The software tools developed by Lawrence and Van Albert are not intended to allow users to arbitrarily open any of the above locks, but rather to help people replicate a key that was previously difficult to copy. However, these two students simultaneously pointed out that there are other ways to replicate a key without necessarily using programming codes. Other researchers have also demonstrated that a key can be effectively replicated through a picture, even if the picture was taken hundreds of feet away.
Cracking the intricate teeth tracks
After studying Xileqi's product manuals and patents, Lawrence and Van Albert learned how to crack the two sets of teeth tracks on the Primus keys, then incorporated the keys into modeling software until they were finally able to accurately replicate them.
Lawrence pointed out: "Just by having a friend who works at Xileqi, or a picture of a Xileqi key, or even a picture of someone's Xileqi keychain around their waist, you can replicate a key. Replicating a key is like copying a movie; someone must first obtain the key's information, then everyone else can get a copy."
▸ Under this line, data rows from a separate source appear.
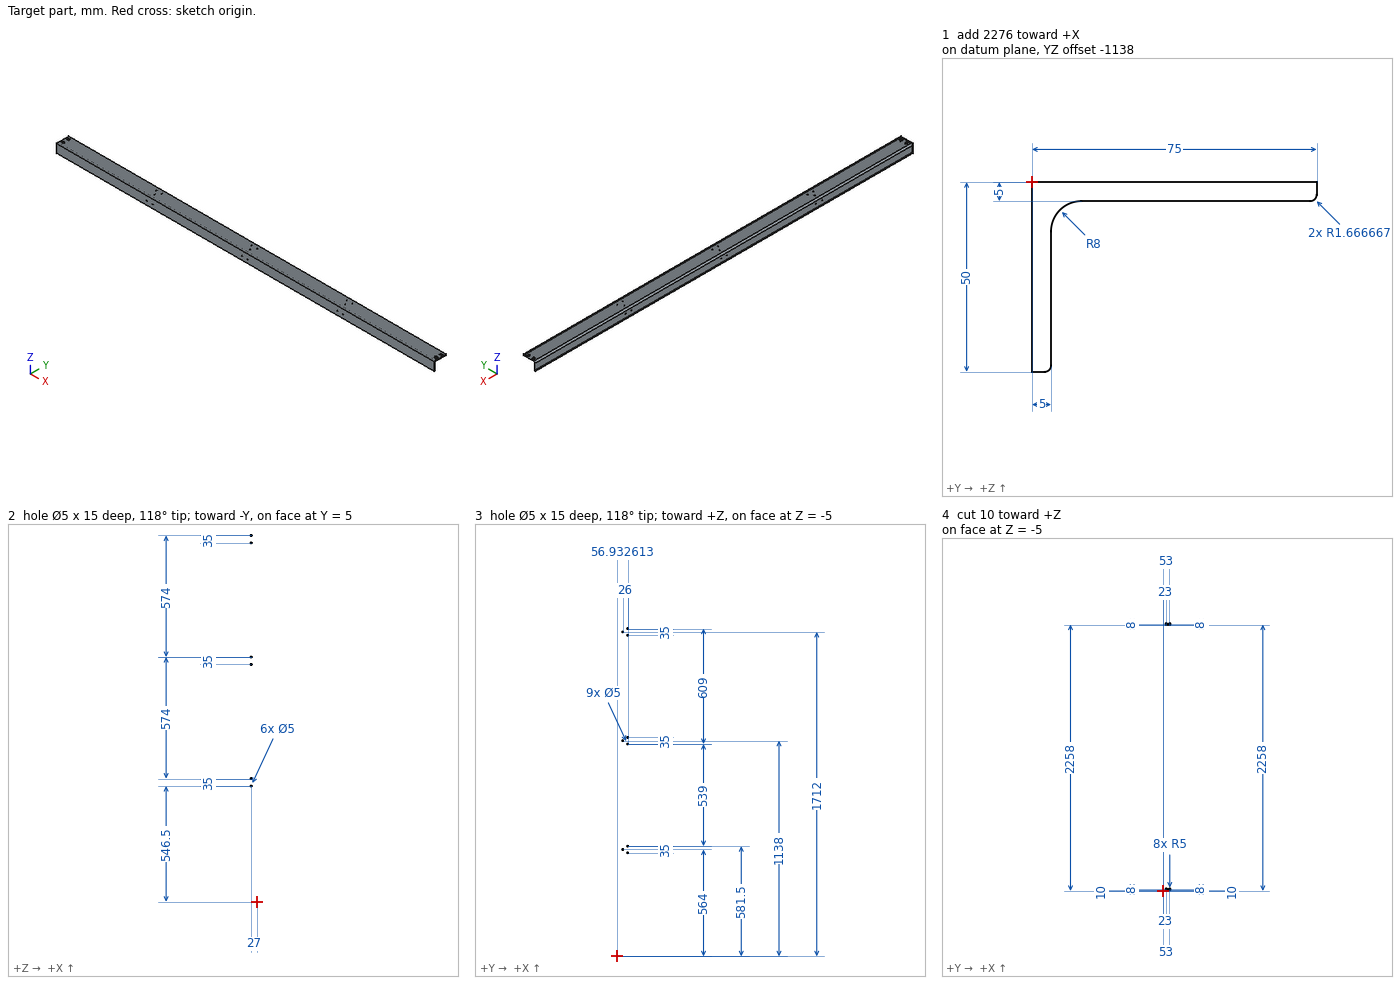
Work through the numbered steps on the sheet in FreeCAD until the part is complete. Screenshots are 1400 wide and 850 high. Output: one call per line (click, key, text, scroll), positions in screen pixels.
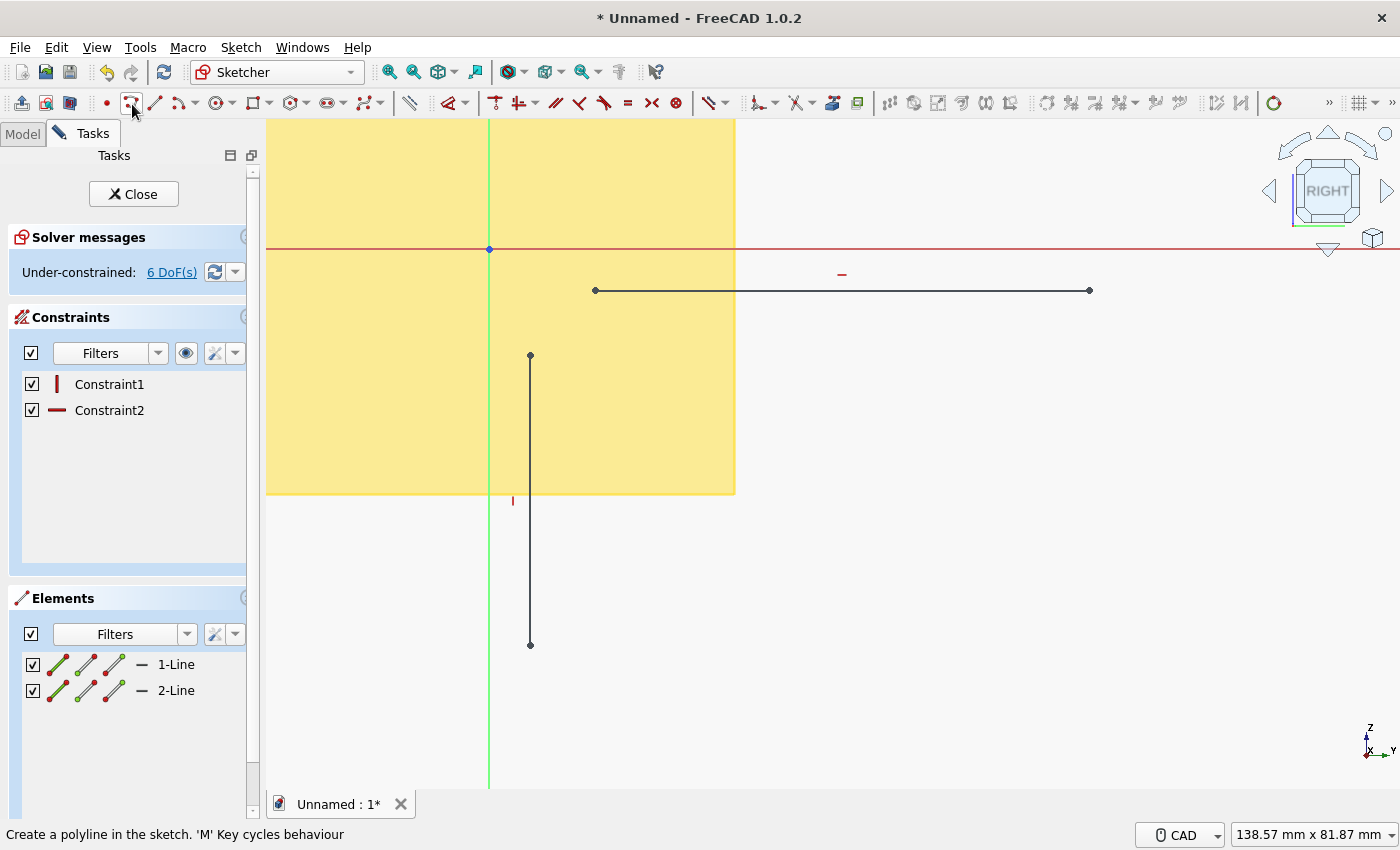
click(1103, 276)
click(1103, 249)
click(489, 249)
click(498, 658)
click(516, 658)
right_click(516, 658)

Once a key has been photographed or scanned, the cost of 3D printing through an online service is relatively low. These two MIT students stated that they would not use a home 3D printer to print keys, but instead spend less than $5 to have Shapeways print a nylon key, while a titanium metal key printed by i.Materialise.com costs $150.
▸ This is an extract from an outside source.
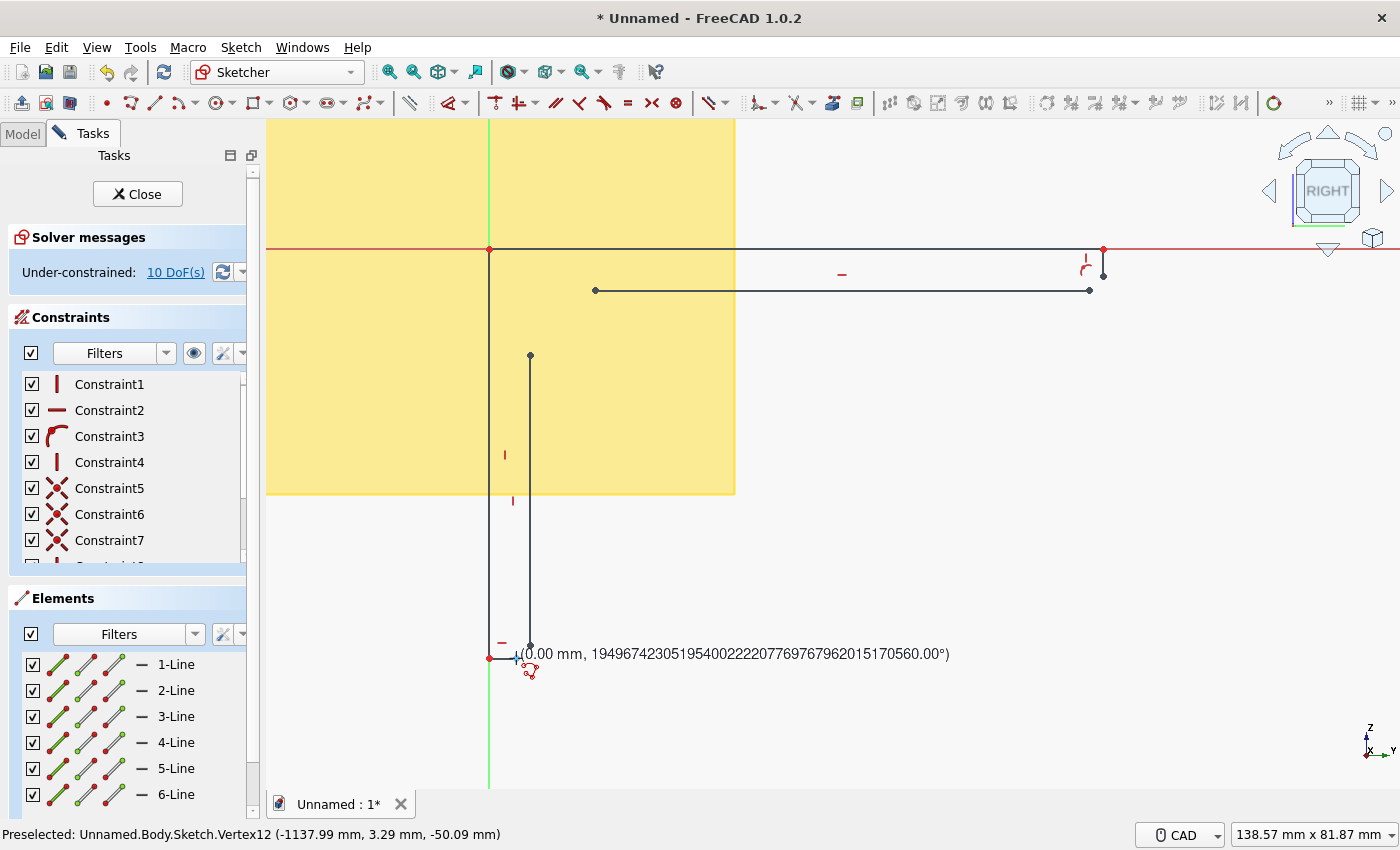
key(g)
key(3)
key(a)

Xileqi did not comment on this matter.
Need to prevent network leaks
Although Lawrence and Van Albert focused on Primus locks, they pointed out that 3D-printed keys are not limited to one lock manufacturer. Lawrence said: "The message we want to convey is that you can use 3D technology to print any highly secure key. It doesn't take much effort. In the future, almost any key model you can think of will appear on the internet."
Lawrence and Van Albert also cited an example: Last fall, The New York Post published a picture of a New York City fire elevator master key, which could open many distribution boxes, fire elevators, and subway station gates in New York City. Although The New York Post's intention was to remind electricians and firefighters holding these keys not to let them fall into the wrong hands, the clear details of the key in the picture could be drawn into a model and then printed using a 3D printer or directly copied by locksmiths. The New York Post quickly realized this possibility and deleted this image from its website, but before that, the image had been widely shared on the internet.
Lawrence pointed out: "Once you can print a New York City fire elevator key, the damage cannot be undone. These files are very difficult to completely erase from the internet."
Electronic locks are more secure
However, Lawrence and Van Albert were not the first to attempt using 3D technology to print keys. In 2011, Apple engineer Nirav Patella developed a program that allowed anyone to incorporate the parameter information of a key into a 3D printing model. However, Patella's software could only handle ordinary keys.
Last year at the HOPE hacker conference held in New York, a German lock-picking expert named "Ray" demonstrated how he used 3D technology to print and laser-cut high-security handcuff keys. Such keys facilitate police officers opening handcuffs locked by other officers. However, this made such keys extremely easy to replicate, and once someone carries a replica, they can easily open the handcuffs.
Regarding the 3D printing issue of Xileqi keys, Lawrence and Van Albert did not provide any solutions. They believe that in the era of 3D printing, the concept of "unreplicable" keys may have become outdated, and security companies should shift towards developing electronic locks that use unique password keys, which are difficult to replicate.